PROBLEM TO WORK ON | As you look over the data below, please find each line where the word "angles" appears, then copy it.

AVAILABLE RECORDS |
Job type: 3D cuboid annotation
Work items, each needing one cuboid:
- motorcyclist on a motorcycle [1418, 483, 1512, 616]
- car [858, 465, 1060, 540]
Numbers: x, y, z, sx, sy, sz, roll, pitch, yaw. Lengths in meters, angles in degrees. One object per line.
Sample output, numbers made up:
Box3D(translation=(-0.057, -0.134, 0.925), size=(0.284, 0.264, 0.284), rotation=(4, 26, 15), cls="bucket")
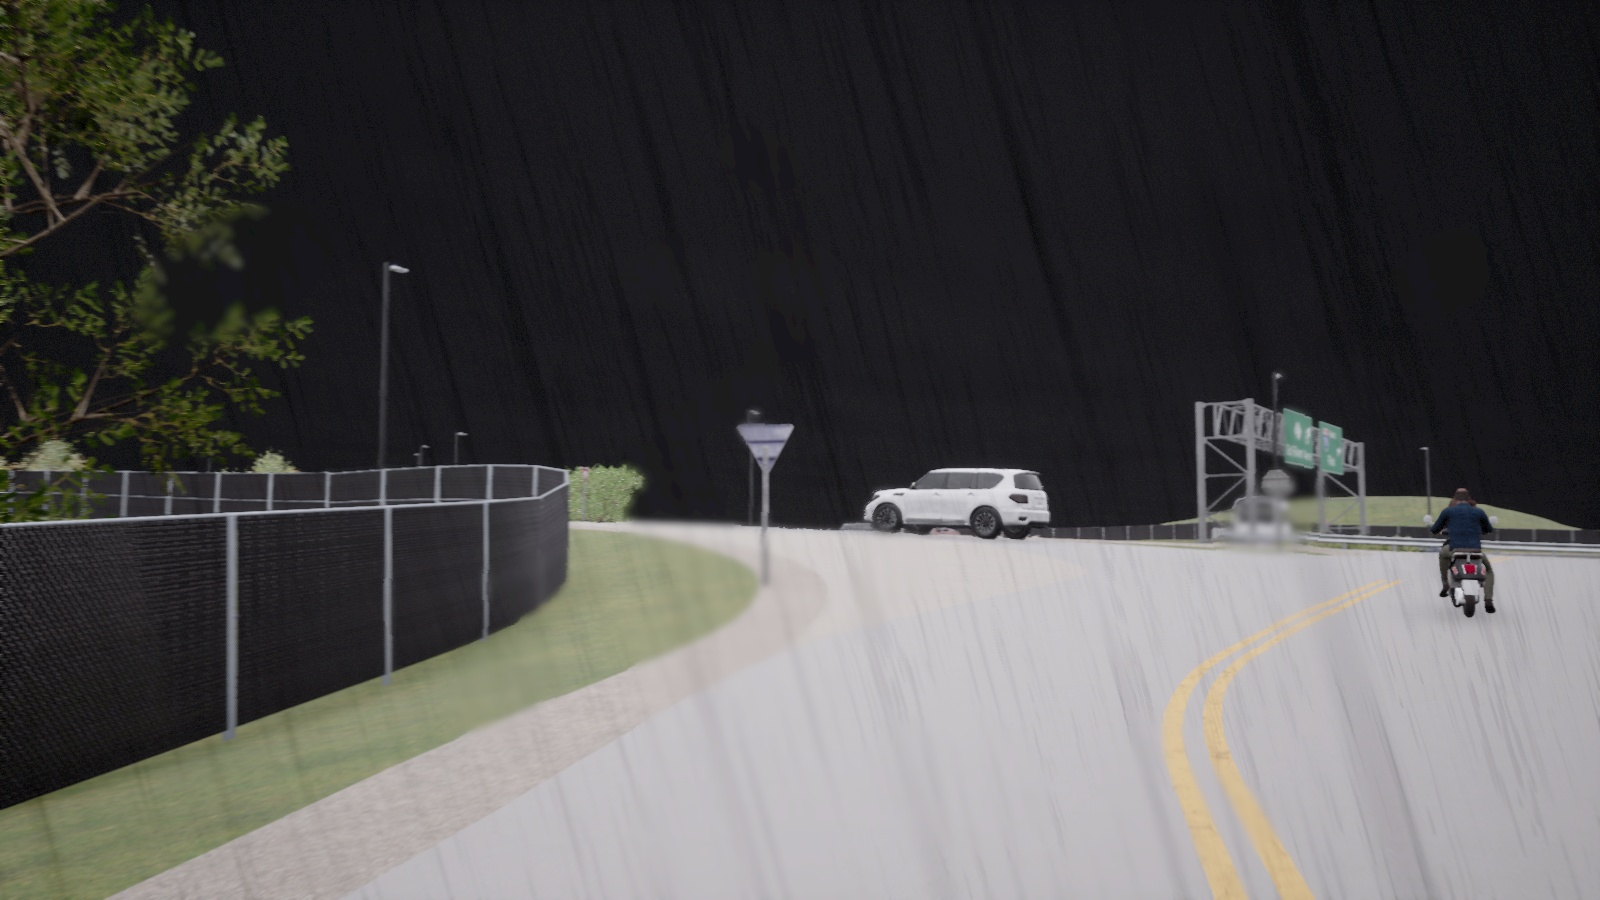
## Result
Box3D(translation=(8.492, 1.223, 16.104), size=(0.866, 1.590, 1.817), rotation=(-1, -2, 22), cls="motorcyclist on a motorcycle")
Box3D(translation=(4.659, 1.545, 37.319), size=(5.566, 2.045, 2.150), rotation=(0, -4, 37), cls="car")
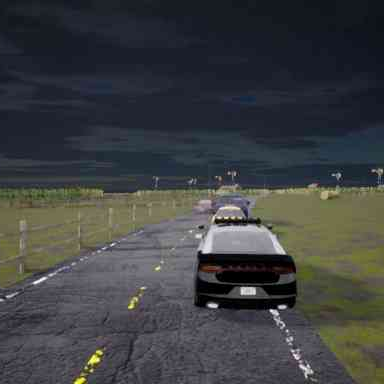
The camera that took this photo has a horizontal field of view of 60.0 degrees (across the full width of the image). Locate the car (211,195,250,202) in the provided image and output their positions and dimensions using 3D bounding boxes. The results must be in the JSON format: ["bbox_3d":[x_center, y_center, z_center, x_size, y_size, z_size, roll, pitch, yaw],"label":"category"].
[{"bbox_3d":[2.913,1.206,23.621,2.150,2.045,5.566,0,0,10],"label":"car"}]

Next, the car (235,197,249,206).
[{"bbox_3d":[8.113,1.506,53.613,1.994,1.385,4.181,0,0,12],"label":"car"}]

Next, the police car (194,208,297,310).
[{"bbox_3d":[1.086,1.423,8.056,1.930,1.638,5.238,0,0,4],"label":"police car"}]

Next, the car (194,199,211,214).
[{"bbox_3d":[1.463,1.496,34.671,1.812,1.442,4.674,0,0,12],"label":"car"}]

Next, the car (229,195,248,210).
[{"bbox_3d":[6.186,1.308,43.871,2.097,1.767,4.553,0,0,12],"label":"car"}]

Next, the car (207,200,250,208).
[{"bbox_3d":[2.047,1.443,17.937,1.801,1.575,5.366,0,0,7],"label":"car"}]
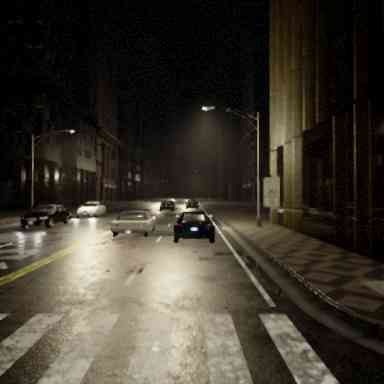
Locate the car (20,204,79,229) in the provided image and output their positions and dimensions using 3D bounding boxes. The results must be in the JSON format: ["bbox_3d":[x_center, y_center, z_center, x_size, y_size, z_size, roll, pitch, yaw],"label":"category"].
[{"bbox_3d":[-9.838,1.607,22.749,2.128,1.511,4.902,0,0,0],"label":"car"}]

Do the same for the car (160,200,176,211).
[{"bbox_3d":[-3.150,1.761,43.346,2.033,1.411,5.357,0,0,0],"label":"car"}]

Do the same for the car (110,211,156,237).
[{"bbox_3d":[-3.149,1.701,18.694,1.895,1.301,4.718,0,0,0],"label":"car"}]

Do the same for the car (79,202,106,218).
[{"bbox_3d":[-9.786,1.687,32.793,1.812,1.442,4.674,0,0,0],"label":"car"}]

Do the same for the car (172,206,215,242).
[{"bbox_3d":[0.100,1.657,17.000,1.994,1.385,4.181,0,0,0],"label":"car"}]

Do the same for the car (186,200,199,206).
[{"bbox_3d":[0.038,1.778,46.516,2.033,1.411,5.357,0,0,1],"label":"car"}]
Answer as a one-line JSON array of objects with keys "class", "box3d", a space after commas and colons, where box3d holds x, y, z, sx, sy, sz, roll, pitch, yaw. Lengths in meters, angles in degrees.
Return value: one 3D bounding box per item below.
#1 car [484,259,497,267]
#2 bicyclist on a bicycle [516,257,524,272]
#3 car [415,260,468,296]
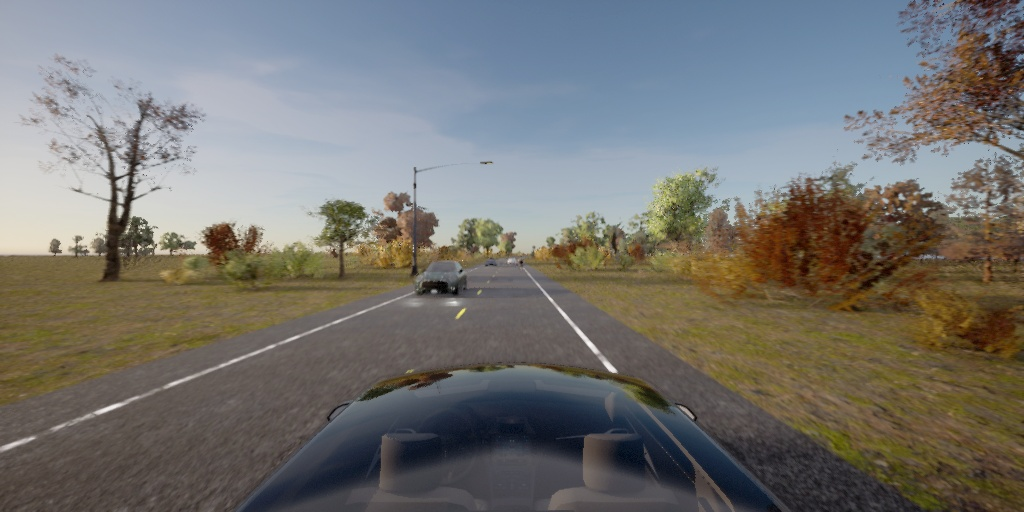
[{"class": "car", "box3d": [-3.524, 1.140, 60.510, 1.994, 1.385, 4.181, 0, 0, 0]}, {"class": "bicyclist on a bicycle", "box3d": [0.958, 1.019, 38.551, 0.659, 1.776, 1.843, 0, 0, 0]}, {"class": "car", "box3d": [-3.590, 1.059, 18.862, 2.097, 1.767, 4.553, 0, 0, 0]}]

ANSWER SPACE |
Numbers: x, y, z, sx, sy, sz, roll, pitch, yaw. Lengths in meters, angles in degrees. One object per line.
Answer as a one-line JSON array of objects with keys "class", "box3d", a space after commas and colons, where box3d holds x, y, z, sx, sy, sz, roll, pitch, yaw. Lengths in meters, angles in degrees.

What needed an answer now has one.